The first time a Polish forex trader hears about the "Belka tax", it usually happens after a first good year of trading. They call the bookkeeper who has filed their PIT-37 from regular employment for a decade and hear: "Forex is a different story — take that to a tax advisor." That is when the real education begins. This article walks you through the mechanics of the Belka tax on forex — from history and the 19% rate, through FIFO, PIT-8C and PIT-38, to the five most common mistakes that cost Polish traders the most money.

What the Belka tax is — short history and legal basis

"Belka tax" is an informal name. The Polish PIT Act never uses the phrase — it speaks of the "tax on capital income", governed by article 30a (interest, dividends) and article 30b (gains from the sale of securities and derivative financial instruments, including forex contracts). It was introduced by the act of November 12, 2001, effective March 1, 2002, when Marek Belka was Finance Minister in Leszek Miller's government. From 2004 the tax covers realised gains from selling shares, bonds and derivatives — forex, CFDs and options. The 19% rate has not changed in more than twenty years.

For a Polish tax resident trading forex, this means one thing: every realised profit from a closed position — whether the broker sits in Warsaw, Sydney, Cyprus or the United Kingdom — feeds the same pool reported on PIT-38 by April 30 of the year following the tax year. Mark-to-market valuations of open positions do not count; only closed positions do.

The 19% rate — what "flat" means and why there is no personal allowance

The 19% is a flat rate — independent of the size of the gain and of other income sources. A trader who realised 8,000 PLN net in 2024 pays 1,520 PLN; one who earned 280,000 PLN pays 53,200 PLN. The percentage is identical, only the absolute amount differs. PIT-37 by contrast uses a progressive scale with a 30,000 PLN personal allowance. On PIT-38 there is no personal allowance and it does not merge with PIT-37 — a trader on a salaried contract files both forms. A forex loss does not lower the salary tax, and a higher salary does not change the forex rate.

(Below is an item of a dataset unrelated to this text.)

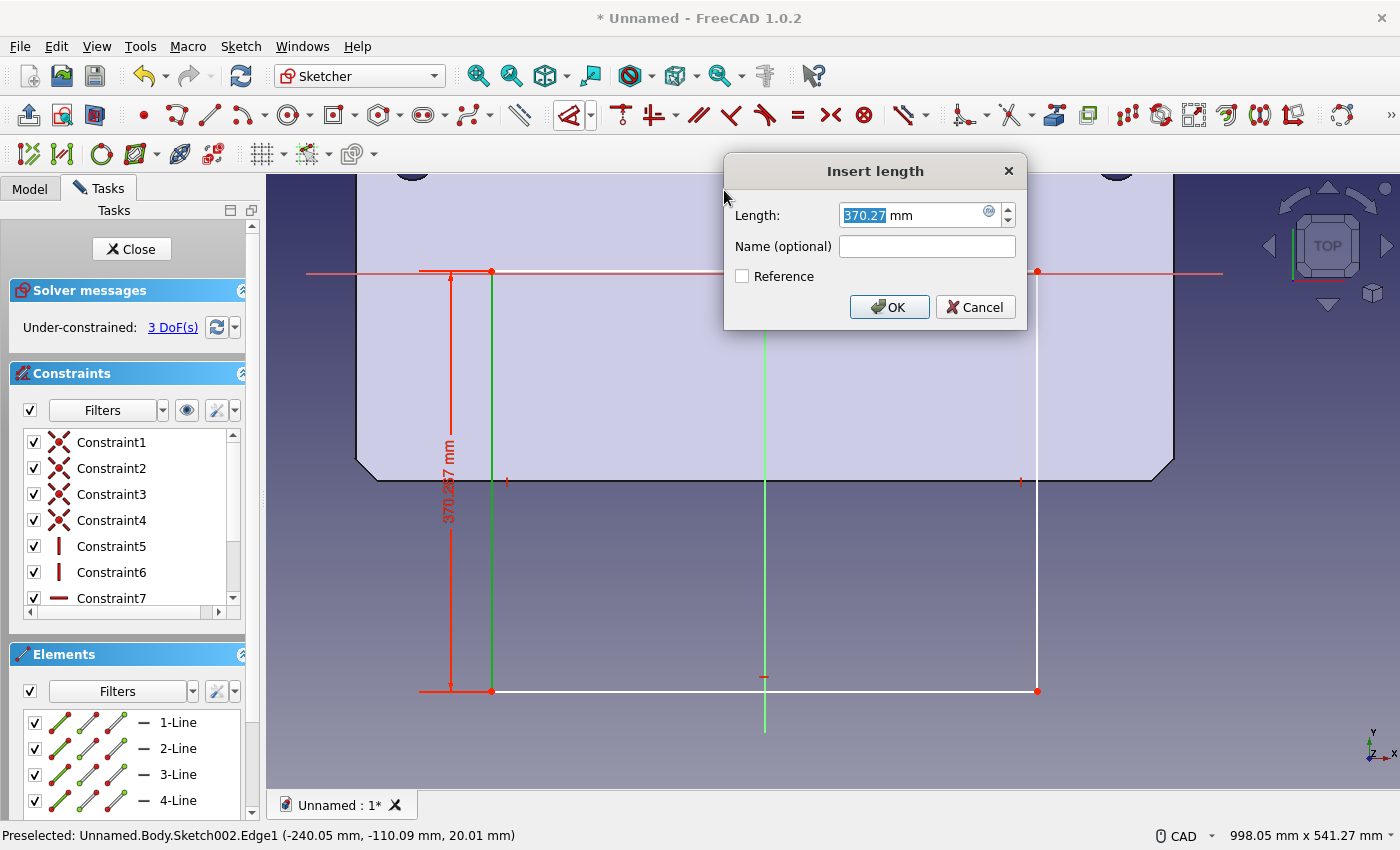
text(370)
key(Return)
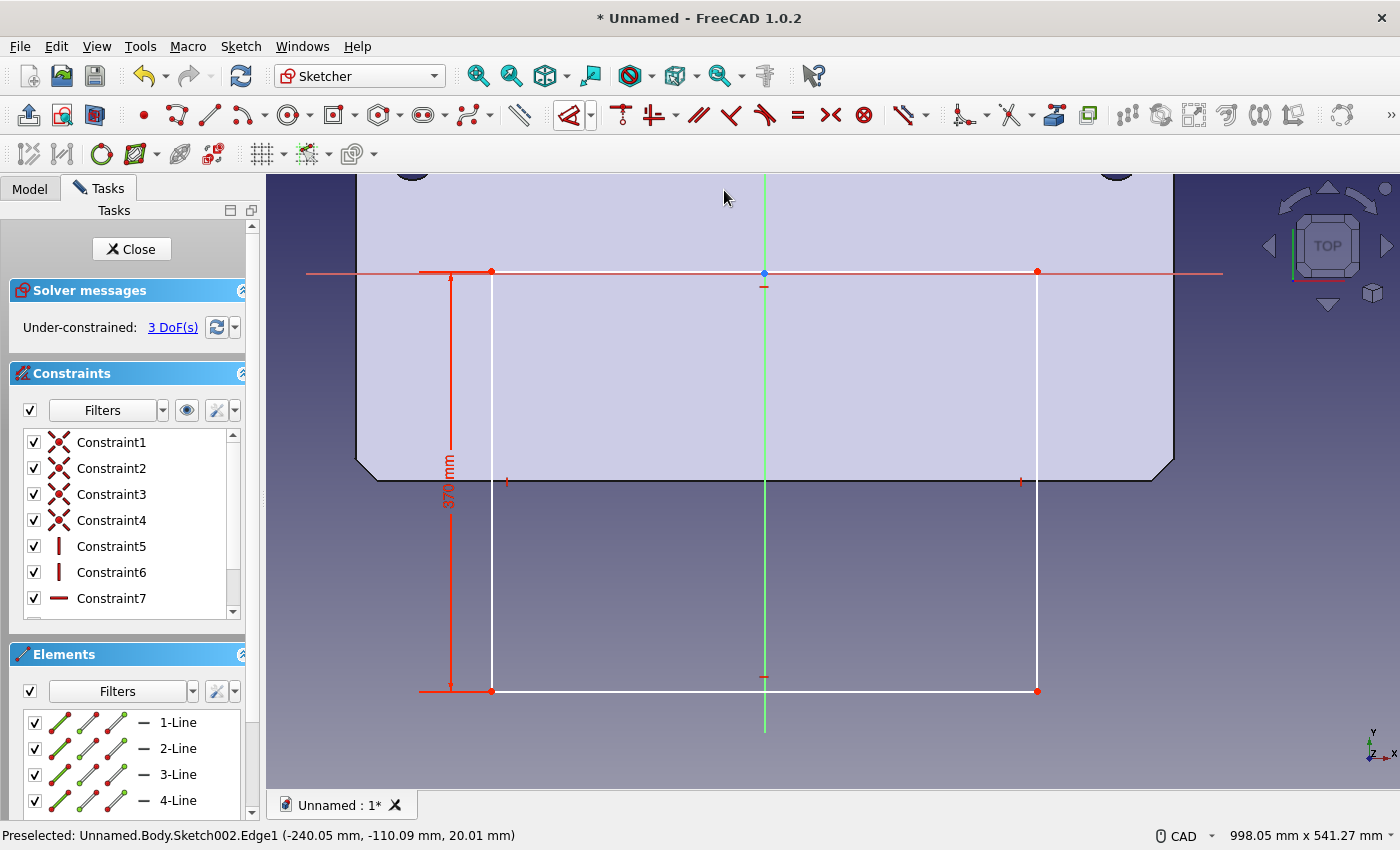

When the tax obligation arises — the moment of realisation

The Belka tax on forex arises the moment the position closes — when the profit or loss is realised. Whether you then withdraw the funds or leave them on the account to reinvest is irrelevant. What matters is that the position moved from "open" to "closed" during the tax year; the valuation of an open position on December 31 creates no obligation. A second mechanism worth remembering is FIFO (First In, First Out) — when several entries sit on one pair at different prices, the lot treated as closed is the one that entered the book first. I cover FIFO mechanics in more depth in the FAQ below the article.

PIT-38 vs PIT-8C — who issues which and what to do with each

PIT-38 is yours — the return you submit to the tax office. PIT-8C is from the broker — information the broker issues to you and forwards in parallel to the revenue service. A Polish broker regulated by KNF (XTB, mBank Brokerage, TMS Brokers, BOSSA, DM BOŚ) has a statutory duty to issue PIT-8C by the end of February. Inside Twój e-PIT on podatki.gov.pl the system pulls data from XML and displays a pre-populated PIT-38; your role reduces to verifying the figures, adding any deductible costs the broker does not know, and pressing "Submit".

A foreign broker (IC Markets, Pepperstone, Saxo, Interactive Brokers) does not issue PIT-8C. You receive an annual report ("Annual Statement", "Year-End Statement"), extract the list of closed trades and convert each using the NBP average rate from the business day preceding the close. The net total after conversion is entered into fields 32-37 of PIT-38 in the "income from other sources" section. I walk through the procedure step by step in the PIT-38 filing guide for 2024, and the PIT-8C mechanics in the article on the PIT-8C statement from a broker.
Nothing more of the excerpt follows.